Update – xkcd has redesigned their website today in honor of GeoCities.
I thought this day would never come. Today GeoCities, arguably the golden web child of the ‘90s, is deleted. Not taken down, not discontinued, but completely wiped out. The millions of web pages and terabytes worth of data provided by those without the means to create a legitimate website fifteen years ago will never be obtainable again, unless one takes the time to backup their data.
With web-hosting being as cheap as it is today, and the availability of more and more Javascript and CSS templates, creating a simple, personal website is now far more beneficial and almost as easy as Geocities once was.

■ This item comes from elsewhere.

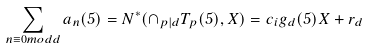<formula> <loc_0><loc_0><loc_500><loc_500>\sum _ { n \equiv 0 m o d d } a _ { n } ( 5 ) = N ^ { * } ( \cap _ { p | d } T _ { p } ( 5 ) , X ) = c _ { i } g _ { d } ( 5 ) X + r _ { d }</formula>

But before personal hosting became widespread, Geocities was the greatest way to get your opinion out to potentially hundreds of millions of people (though the bandwidth essentially limited your page to having only five users at a time). I had at least four different Pokemon websites as a child.
A moment of silence for what was at one point the greatest thing to exist in the world, ever.
What’s funny is that on the eve of its closure, the home page title still says “Get a web site with easy-to-use site building tools.”
This shows the singular threat to human knowledge posed by relying totally upon a digital archive. I applaud BU’s moves toward Open Access and Digital Archives, but consider this a today and tomorrow thing, not forever, or even for a lifetime.
My uncle just sent me a CD with hundreds of pictures from family and scenes in Minnesota taken by my then-young future grandfather on glass-plate photographs during 1910-1928. I also put them on my home computer. He will archive the original photo plates somewhere, and I’ll bet that they survive longer (barring fires and floods, of course) than CD readers and software that recognizes .jpg files.
Students! If you have a few precious digital pictures that represent (the better side of) who you are at this stage of your life, print them out on a high quality photo printer and snail mail them to your mother along with a handwritten note. Later when you are more settled, and have to deal with the difficult task of closing down your parent’s home(s), I hope you find them and keep them, long after you have given up finding them on your PetaByte thumb drive.